Records from a dataset
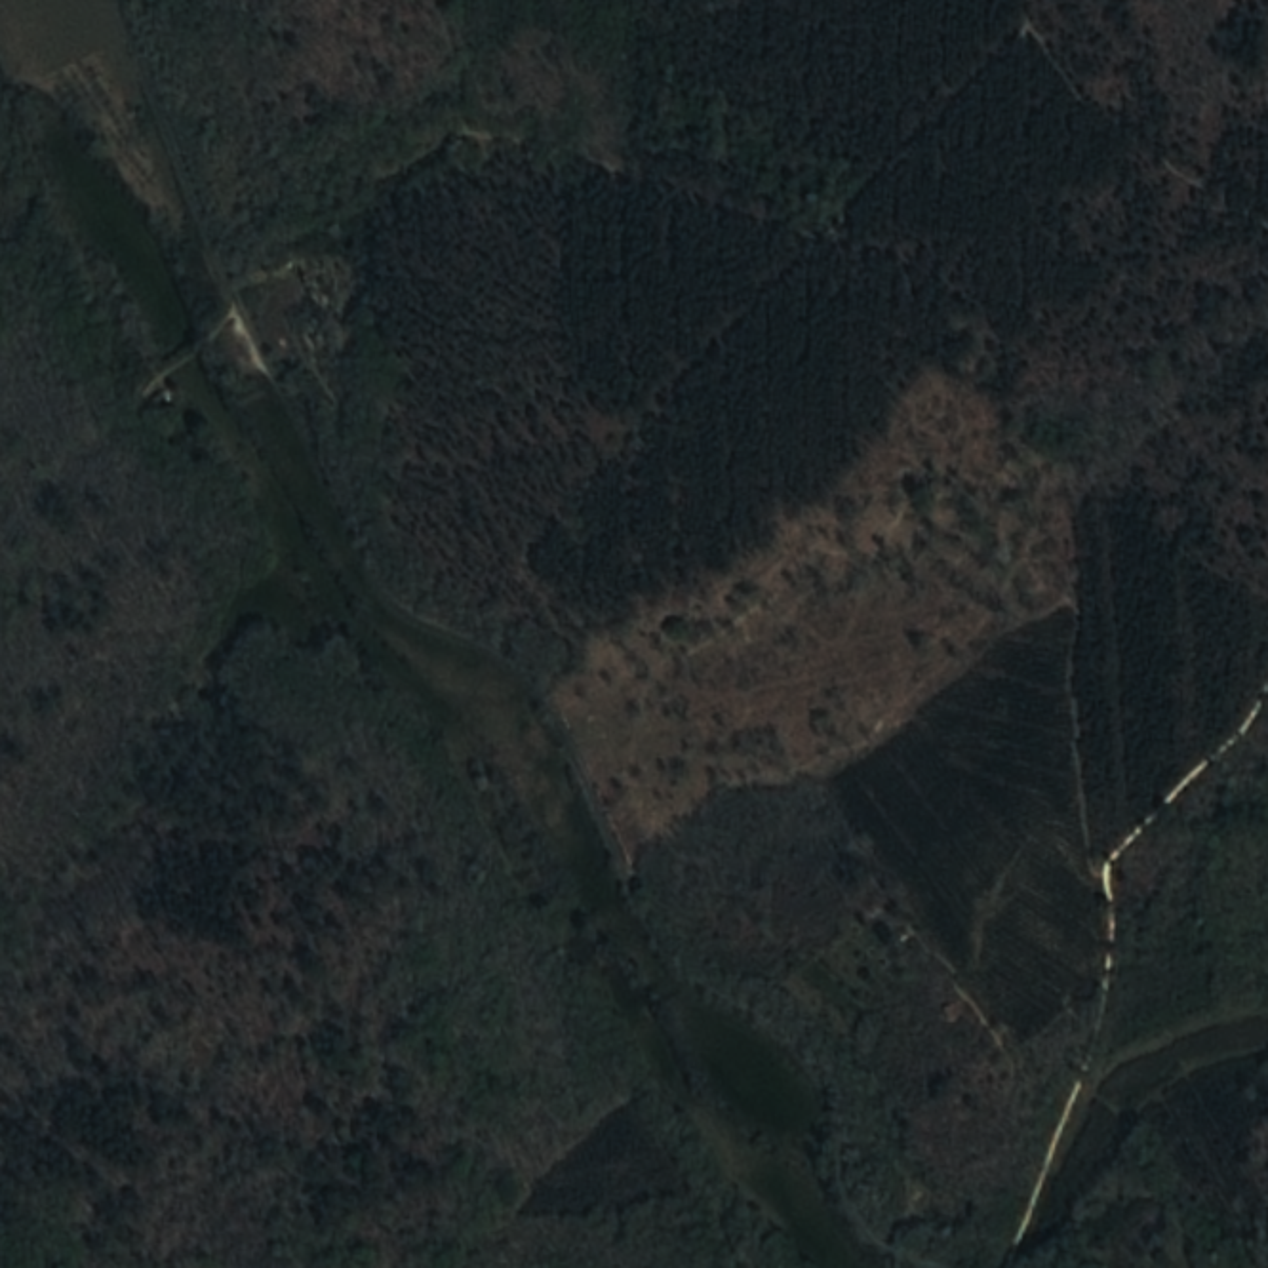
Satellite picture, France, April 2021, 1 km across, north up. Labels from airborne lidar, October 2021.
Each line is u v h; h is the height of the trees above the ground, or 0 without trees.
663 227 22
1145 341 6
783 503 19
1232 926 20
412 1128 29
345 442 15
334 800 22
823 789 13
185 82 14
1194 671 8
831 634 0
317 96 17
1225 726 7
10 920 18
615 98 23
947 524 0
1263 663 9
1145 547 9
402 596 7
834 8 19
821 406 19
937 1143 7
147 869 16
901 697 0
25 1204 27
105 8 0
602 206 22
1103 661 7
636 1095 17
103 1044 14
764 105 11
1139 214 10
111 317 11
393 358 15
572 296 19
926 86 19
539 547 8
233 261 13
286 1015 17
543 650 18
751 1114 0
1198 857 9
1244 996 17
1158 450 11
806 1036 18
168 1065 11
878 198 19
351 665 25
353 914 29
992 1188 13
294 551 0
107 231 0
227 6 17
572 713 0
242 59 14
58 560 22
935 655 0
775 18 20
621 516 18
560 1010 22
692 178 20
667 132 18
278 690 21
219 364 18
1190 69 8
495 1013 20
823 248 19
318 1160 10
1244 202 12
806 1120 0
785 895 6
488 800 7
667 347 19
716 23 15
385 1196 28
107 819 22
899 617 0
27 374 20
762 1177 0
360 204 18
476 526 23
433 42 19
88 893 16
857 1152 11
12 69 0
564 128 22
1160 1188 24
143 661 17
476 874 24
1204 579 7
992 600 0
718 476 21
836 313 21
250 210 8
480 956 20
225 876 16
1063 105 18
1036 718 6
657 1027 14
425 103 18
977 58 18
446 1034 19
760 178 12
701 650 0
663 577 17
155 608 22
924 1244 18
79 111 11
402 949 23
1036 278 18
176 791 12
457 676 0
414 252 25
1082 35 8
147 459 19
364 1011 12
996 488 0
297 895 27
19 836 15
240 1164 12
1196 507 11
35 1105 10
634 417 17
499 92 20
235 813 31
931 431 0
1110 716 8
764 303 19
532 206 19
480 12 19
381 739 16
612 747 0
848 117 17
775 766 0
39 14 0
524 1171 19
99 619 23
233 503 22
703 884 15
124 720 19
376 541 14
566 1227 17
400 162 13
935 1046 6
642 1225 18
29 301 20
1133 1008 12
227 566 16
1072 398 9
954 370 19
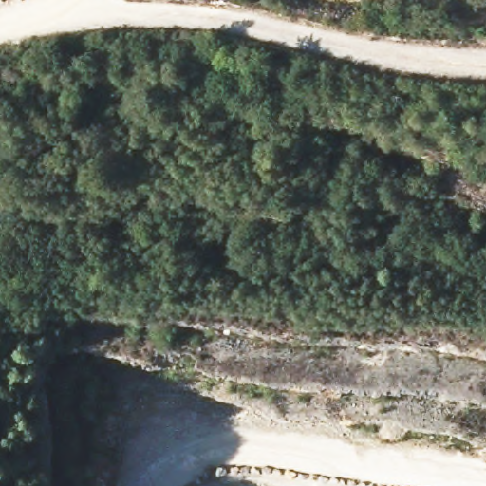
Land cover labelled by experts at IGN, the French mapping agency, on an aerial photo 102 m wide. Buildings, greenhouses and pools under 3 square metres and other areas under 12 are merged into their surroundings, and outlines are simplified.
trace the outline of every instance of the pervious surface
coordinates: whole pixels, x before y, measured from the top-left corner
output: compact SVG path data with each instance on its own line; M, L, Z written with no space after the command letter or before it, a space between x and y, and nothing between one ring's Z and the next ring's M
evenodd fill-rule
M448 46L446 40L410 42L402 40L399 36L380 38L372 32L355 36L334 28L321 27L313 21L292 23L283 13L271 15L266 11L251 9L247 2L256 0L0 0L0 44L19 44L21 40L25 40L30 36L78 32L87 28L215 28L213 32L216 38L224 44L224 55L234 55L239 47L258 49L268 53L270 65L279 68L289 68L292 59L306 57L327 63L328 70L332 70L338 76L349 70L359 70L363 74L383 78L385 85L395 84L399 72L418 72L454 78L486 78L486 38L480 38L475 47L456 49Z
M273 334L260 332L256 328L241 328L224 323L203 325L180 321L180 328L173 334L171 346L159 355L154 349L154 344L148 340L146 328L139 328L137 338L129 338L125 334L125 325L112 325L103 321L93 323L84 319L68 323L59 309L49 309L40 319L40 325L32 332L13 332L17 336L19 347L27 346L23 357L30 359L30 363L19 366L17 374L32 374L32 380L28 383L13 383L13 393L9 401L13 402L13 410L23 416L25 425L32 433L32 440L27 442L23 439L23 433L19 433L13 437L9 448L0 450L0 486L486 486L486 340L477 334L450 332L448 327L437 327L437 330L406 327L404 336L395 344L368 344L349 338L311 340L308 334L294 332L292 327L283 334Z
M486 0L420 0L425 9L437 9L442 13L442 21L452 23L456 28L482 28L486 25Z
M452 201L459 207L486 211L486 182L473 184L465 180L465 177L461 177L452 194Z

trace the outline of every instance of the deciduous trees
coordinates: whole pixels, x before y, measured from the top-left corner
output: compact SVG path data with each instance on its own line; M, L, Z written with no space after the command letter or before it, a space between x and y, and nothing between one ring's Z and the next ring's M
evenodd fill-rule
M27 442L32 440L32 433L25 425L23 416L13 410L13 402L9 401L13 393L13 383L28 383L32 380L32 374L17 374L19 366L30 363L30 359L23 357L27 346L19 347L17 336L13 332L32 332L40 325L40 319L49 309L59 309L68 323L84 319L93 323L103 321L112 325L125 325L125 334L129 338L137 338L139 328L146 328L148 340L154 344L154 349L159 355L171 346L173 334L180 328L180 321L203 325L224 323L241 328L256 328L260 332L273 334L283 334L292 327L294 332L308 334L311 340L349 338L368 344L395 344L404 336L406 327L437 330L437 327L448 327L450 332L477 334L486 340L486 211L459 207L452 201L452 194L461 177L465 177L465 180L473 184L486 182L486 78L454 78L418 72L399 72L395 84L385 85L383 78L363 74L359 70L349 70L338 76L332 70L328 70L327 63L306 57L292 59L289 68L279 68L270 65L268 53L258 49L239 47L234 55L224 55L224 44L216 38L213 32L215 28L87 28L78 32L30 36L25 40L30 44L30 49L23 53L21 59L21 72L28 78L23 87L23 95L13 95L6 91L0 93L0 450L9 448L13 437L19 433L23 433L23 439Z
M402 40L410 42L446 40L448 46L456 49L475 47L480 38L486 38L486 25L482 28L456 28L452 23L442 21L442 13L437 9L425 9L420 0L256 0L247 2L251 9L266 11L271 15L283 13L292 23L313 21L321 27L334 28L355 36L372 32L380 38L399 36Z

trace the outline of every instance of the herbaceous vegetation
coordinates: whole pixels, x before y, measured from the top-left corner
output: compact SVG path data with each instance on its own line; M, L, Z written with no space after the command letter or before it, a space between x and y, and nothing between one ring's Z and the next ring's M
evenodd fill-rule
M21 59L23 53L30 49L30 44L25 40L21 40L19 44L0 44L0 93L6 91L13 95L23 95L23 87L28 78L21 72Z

Problem |
Your response should be made up of the lines in the data that contain the word "every".

Solution for this problem |
trace the outline of every instance of the pervious surface
trace the outline of every instance of the deciduous trees
trace the outline of every instance of the herbaceous vegetation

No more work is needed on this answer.